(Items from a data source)
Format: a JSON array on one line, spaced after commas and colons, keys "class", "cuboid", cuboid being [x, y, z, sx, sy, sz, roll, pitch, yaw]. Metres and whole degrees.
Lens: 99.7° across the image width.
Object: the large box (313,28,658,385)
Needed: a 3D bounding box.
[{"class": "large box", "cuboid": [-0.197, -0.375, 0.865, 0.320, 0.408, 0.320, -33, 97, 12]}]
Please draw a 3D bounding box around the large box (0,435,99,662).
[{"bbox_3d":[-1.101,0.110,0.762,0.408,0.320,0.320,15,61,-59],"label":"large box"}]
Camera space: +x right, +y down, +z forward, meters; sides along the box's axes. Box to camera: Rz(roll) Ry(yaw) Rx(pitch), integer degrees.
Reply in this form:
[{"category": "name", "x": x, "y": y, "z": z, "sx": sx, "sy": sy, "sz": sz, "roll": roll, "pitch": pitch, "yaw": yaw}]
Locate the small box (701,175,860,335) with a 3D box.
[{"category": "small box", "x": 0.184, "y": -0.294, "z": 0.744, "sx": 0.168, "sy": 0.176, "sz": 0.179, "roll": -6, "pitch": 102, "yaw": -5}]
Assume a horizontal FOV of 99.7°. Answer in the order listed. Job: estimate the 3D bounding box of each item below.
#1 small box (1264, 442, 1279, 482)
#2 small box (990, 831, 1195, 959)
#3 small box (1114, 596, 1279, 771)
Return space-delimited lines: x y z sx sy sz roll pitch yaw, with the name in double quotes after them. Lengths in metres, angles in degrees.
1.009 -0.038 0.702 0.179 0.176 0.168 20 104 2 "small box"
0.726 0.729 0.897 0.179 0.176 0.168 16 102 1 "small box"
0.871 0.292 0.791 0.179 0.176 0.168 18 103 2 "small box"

* **TASK TO CARRY OUT**: Repeat the data in full. Alter nothing.

* **EXERCISE SOLUTION**:
Format: a JSON array on one line, spaced after commas and colons, keys "class", "cuboid", cuboid being [x, y, z, sx, sy, sz, roll, pitch, yaw]. Metres and whole degrees.
Lens: 99.7° across the image width.
Object: the large box (313,28,658,385)
Needed: a 3D bounding box.
[{"class": "large box", "cuboid": [-0.197, -0.375, 0.865, 0.320, 0.408, 0.320, -33, 97, 12]}]
Please draw a 3D bounding box around the large box (0,435,99,662).
[{"bbox_3d":[-1.101,0.110,0.762,0.408,0.320,0.320,15,61,-59],"label":"large box"}]
Camera space: +x right, +y down, +z forward, meters; sides along the box's axes. Box to camera: Rz(roll) Ry(yaw) Rx(pitch), integer degrees.
Reply in this form:
[{"category": "name", "x": x, "y": y, "z": z, "sx": sx, "sy": sy, "sz": sz, "roll": roll, "pitch": pitch, "yaw": yaw}]
Locate the small box (701,175,860,335) with a 3D box.
[{"category": "small box", "x": 0.184, "y": -0.294, "z": 0.744, "sx": 0.168, "sy": 0.176, "sz": 0.179, "roll": -6, "pitch": 102, "yaw": -5}]
Assume a horizontal FOV of 99.7°. Answer in the order listed. Job: estimate the 3D bounding box of each item below.
#1 small box (1264, 442, 1279, 482)
#2 small box (990, 831, 1195, 959)
#3 small box (1114, 596, 1279, 771)
Return space-delimited lines: x y z sx sy sz roll pitch yaw, with the name in double quotes after them. Lengths in metres, angles in degrees.
1.009 -0.038 0.702 0.179 0.176 0.168 20 104 2 "small box"
0.726 0.729 0.897 0.179 0.176 0.168 16 102 1 "small box"
0.871 0.292 0.791 0.179 0.176 0.168 18 103 2 "small box"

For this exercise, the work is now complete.